VANCOUVER — A new B.C. study shows a dramatic decrease in the number of HIV patients developing resistance to anti-retroviral drugs.
“This is good news, with big implications,” said the study’s author, Dr. Richard Harrigan.
The BC Centre for Excellence in HIV/AIDS research shows a dramatic decrease in the number of HIV patients in B.C. developing resistance to anti-retroviral drugs.
When treatments keep the virus from replicating, the disease doesn’t progress, said Harrigan. “If you develop resistance, you’re in trouble.”
HIV positive Vancouver artist Tiko Kerr was near death five years ago because of drug resistance.
“You can’t imagine what it’s like to be given your life back,” said Kerr, who has been HIV positive for 25 years.
Kerr was one of five seriously ill B.C. HIV patients who had to fight to get what were then experimental treatments — their last chance for survival.
“Within the first five days of my new treatment in 2006, my viral load was reduced 90 per cent.”
Harrigan attributed the decline in new cases of drug resistance to “steady improvement” over the years.
“In the early days, people would have to take 30 pills a day,” said Harrigan. “Now it’s often just one pill a day.”
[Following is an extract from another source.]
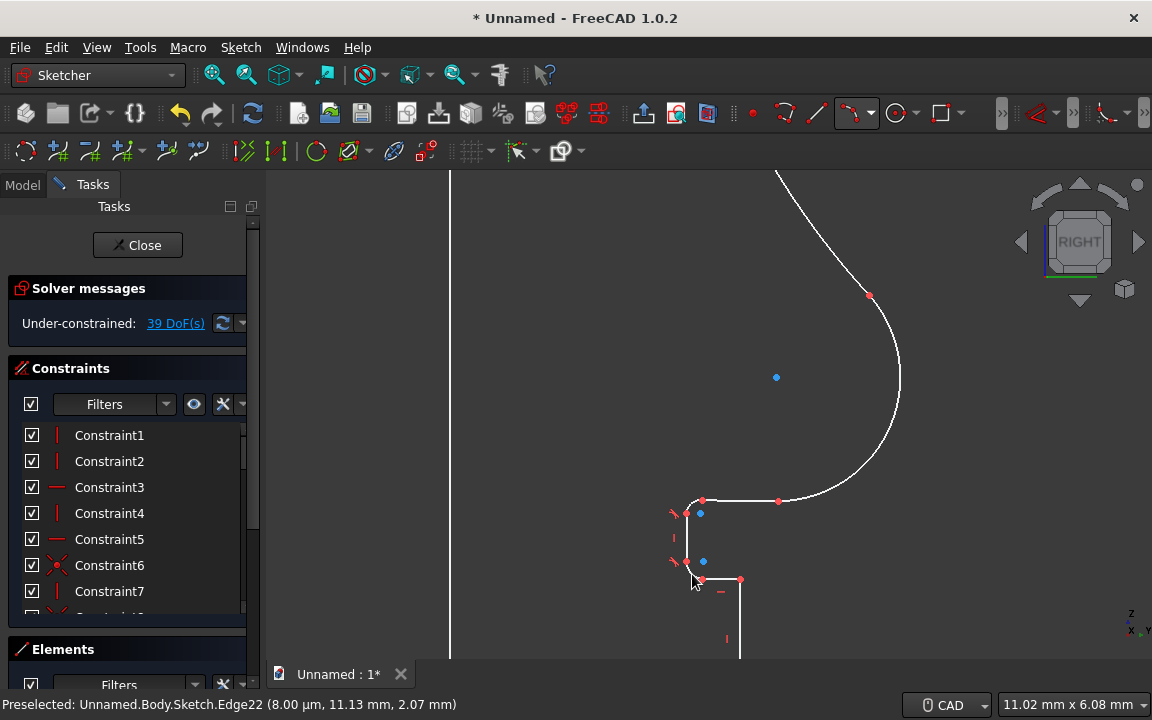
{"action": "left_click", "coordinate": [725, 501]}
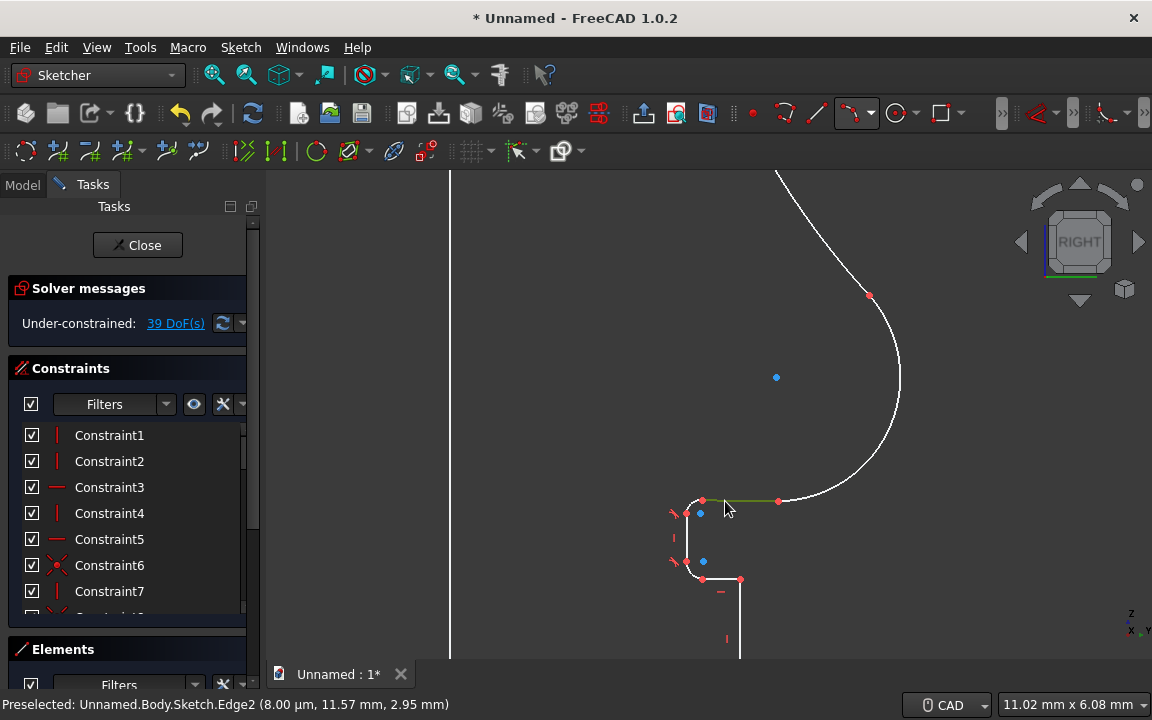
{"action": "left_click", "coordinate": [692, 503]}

The study, published in the Jan. 1 edition of Clinical Infections Diseases, reports that from 1996-2008 there has been a 12-fold decrease in drug resistance.
“The main thing that we saw is that the HAART therapies (highly active antiretroviral therapy) are becoming more successful every year in keeping the level of virus in patients down below the level we can even detect.
“That prevents the virus from replicating, from making copies of itself and the disease doesn’t progress,” Harrigan said.
It also means less drug-resistant HIV is being passed on “from patient A to patient B.”
The 10-year-long study involved 5,500 patients.